これは日本語教育や言語学の世界では基本的な考え方です。
ただ、この説明をそのまま学習者に伝えても、
「トピックって?」
「主語とどう違う?」
と、かえって首をかしげることも。
理論としては正しくても、
実際のレッスンではちょっと伝わりにくいのです。
私がたどり着いた、現場での教え方
だから私は、
レッスンではもっと感覚的に説明しています。
後ろを言いたいときは『は』
前を言いたいときは『が』
まずはこれだけ。
これが
「まず迷わず使うための目安」
として、とても役に立ちます。
「は」は後ろが本題
例えば、
「私は日本語教師です。」
この文で言いたいことは何でしょう?
それは「私」ではなく、
「日本語教師です」ですよね。
「私(トピック)は=私について話します → 私はというと → 日本語教師です」
後ろが本題。
だから「は」になります。
淡々と情報を紹介するイメージです。
「が」は前が主役
では、次はこちら。
「私が日本語教師です。」
今度は明らかに
「私が」の方を言いたい。
(他の人じゃなくて)私が!と。
前を強く言いたい。
だから「が」。
「誰が日本語教師ですか。」と
問われたときに、
「私が・・・」となるからです。
例文で考えると分かりやすい
雨は降っています。
→ 雨が降っているか否かが問題。(状況説明)
雪は降っていません。(対比)
雨が降っています。
→ 雨が降っているのか雪(など)が降っているのかを問うている。(発見・強調)
雪ではなく、雨が降っている。
誰が来ましたか?
→ 山田さんが来ました。
「は→後ろ」「前←が」
と矢印を示すだけで、
「あ、分かった!」
と学習者の表情が変わります。
あの瞬間を見るたびに、
「難しい理論より、まず感覚だな」と感じます。
完璧な説明より、使える説明を
日本語教師は、
つい正確に説明しようとしてしまいます。
でも私は、
最初から100点の理解はいらないのではと考えます。
まずは60点で使えるようになればいい。
そう考えています。
言葉は理屈も大事ですが、体験や慣れがより大事だと思います。
使いながら、少しずつ分かっていくのではないかと思います。
細かいニュアンスは、使うことでクリアになると。
50代・60代の教師にこそ向いている教え方
実は私は、
50代・60代の先生ほど、こういう教え方に向いているのではと思っています。
もちろん、
全ての知識を備えているに越したことはありませんが、
ストラテジーとしての方法論を持つことは大事なことだと思います。
年齢を重ねると、
さまざまな経験があるから、物事の本質が見え、
「本当に必要なのは、これだな。
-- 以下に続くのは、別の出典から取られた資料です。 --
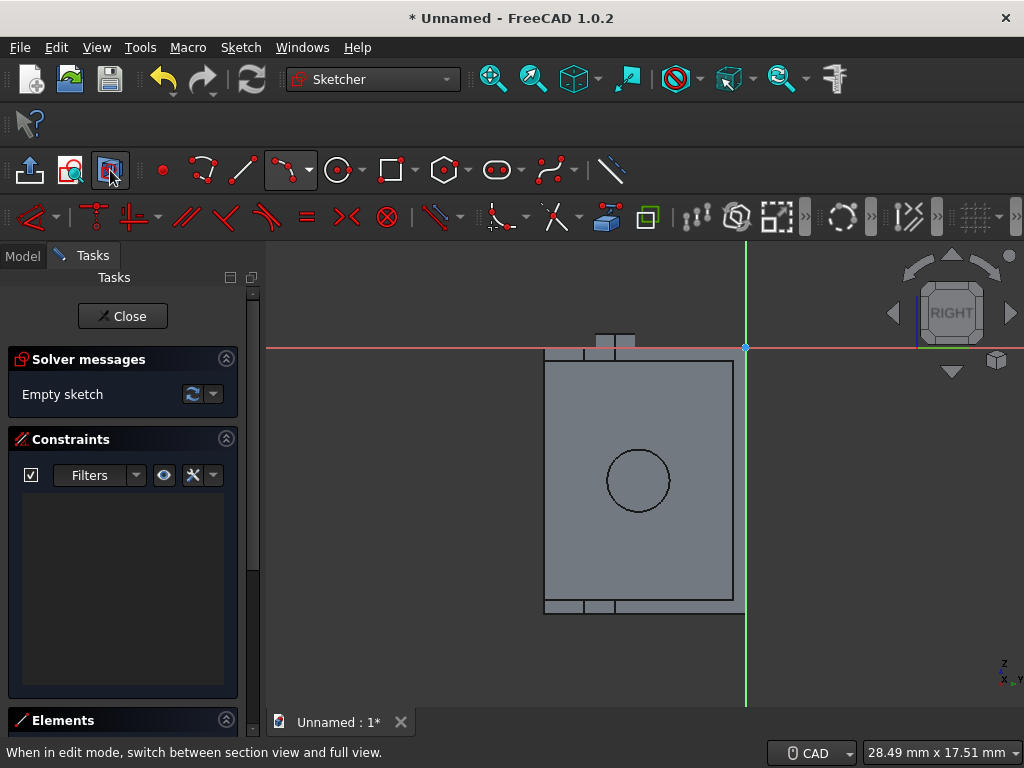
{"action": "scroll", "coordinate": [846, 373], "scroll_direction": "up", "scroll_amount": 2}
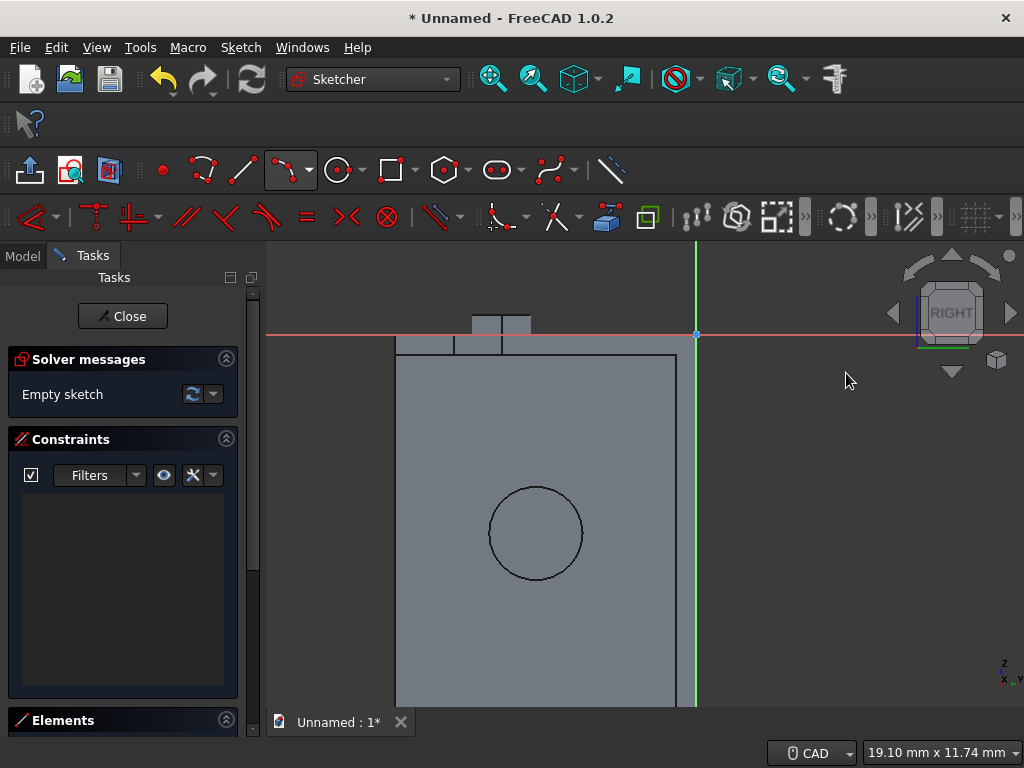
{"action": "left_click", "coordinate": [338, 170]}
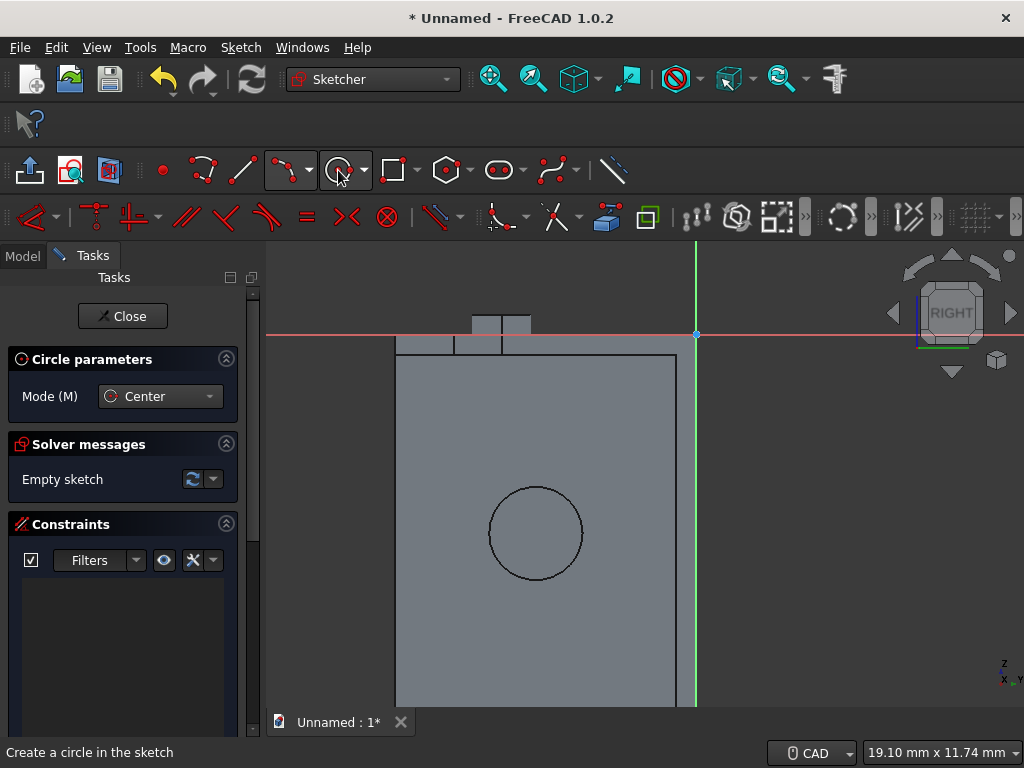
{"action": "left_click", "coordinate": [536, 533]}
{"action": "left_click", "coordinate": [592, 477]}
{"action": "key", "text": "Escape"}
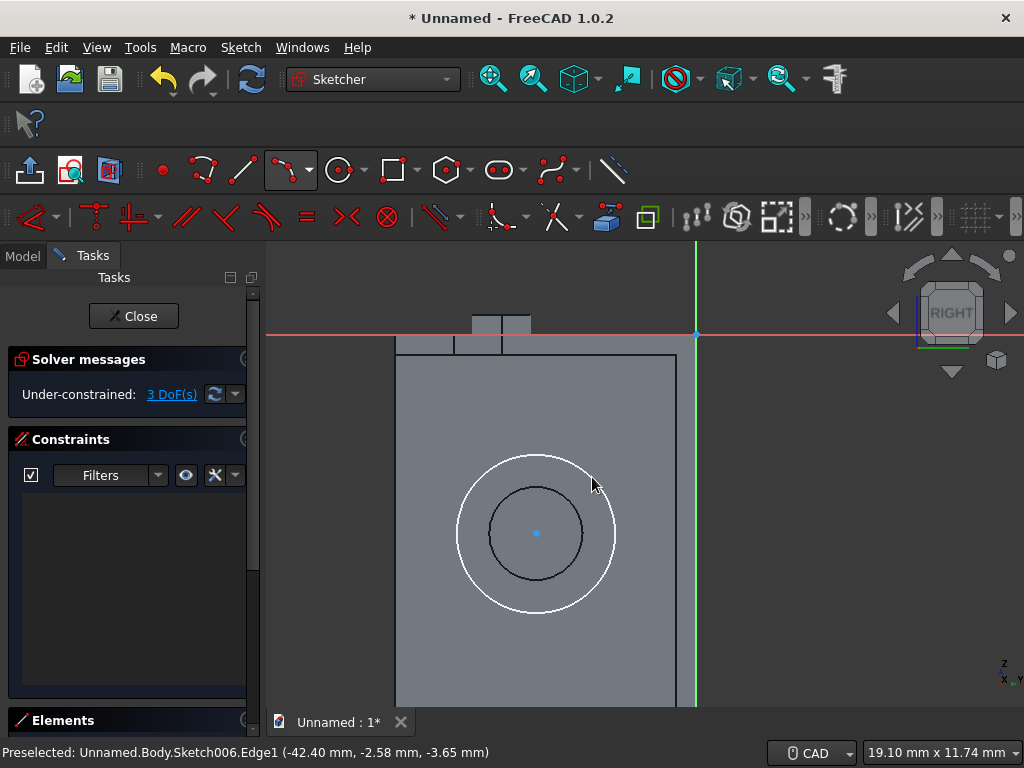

」
と削ぎ落とせるようになるのだと思います。
日本語教育も同じです。
知識の量より、
相手の表情を見ることや、
伝わったかどうかを感じ取ること。
その感覚こそが、教師の力ではないかと思っています。
これはまさに「共育」です。
教師が一方的に教えるのではなく、
教師も教えながら共に育っていく。
その姿勢があれば、
『は・が』だって怖くないと思えます。
おわりに
『は』と『が』。
日本語教師泣かせのふたつの助詞ですが、
最初の一歩としては、
は = 後ろが言いたい
が = 前が言いたい
この感覚で十分ではないでしょうか。
あまり難しく考えすぎなくても・・・。
日本語は、
確かに難しくもあるけれど、でも、やさしくもできる言語だと思います。
その「やさしさ」を選択するのは、
私たち教師ひとりひとりなのだと思います。
これから日本語教師を目指す方も、この姿勢を持っていれば、
スムーズに教師活動をすすめることができるかもしれませんね。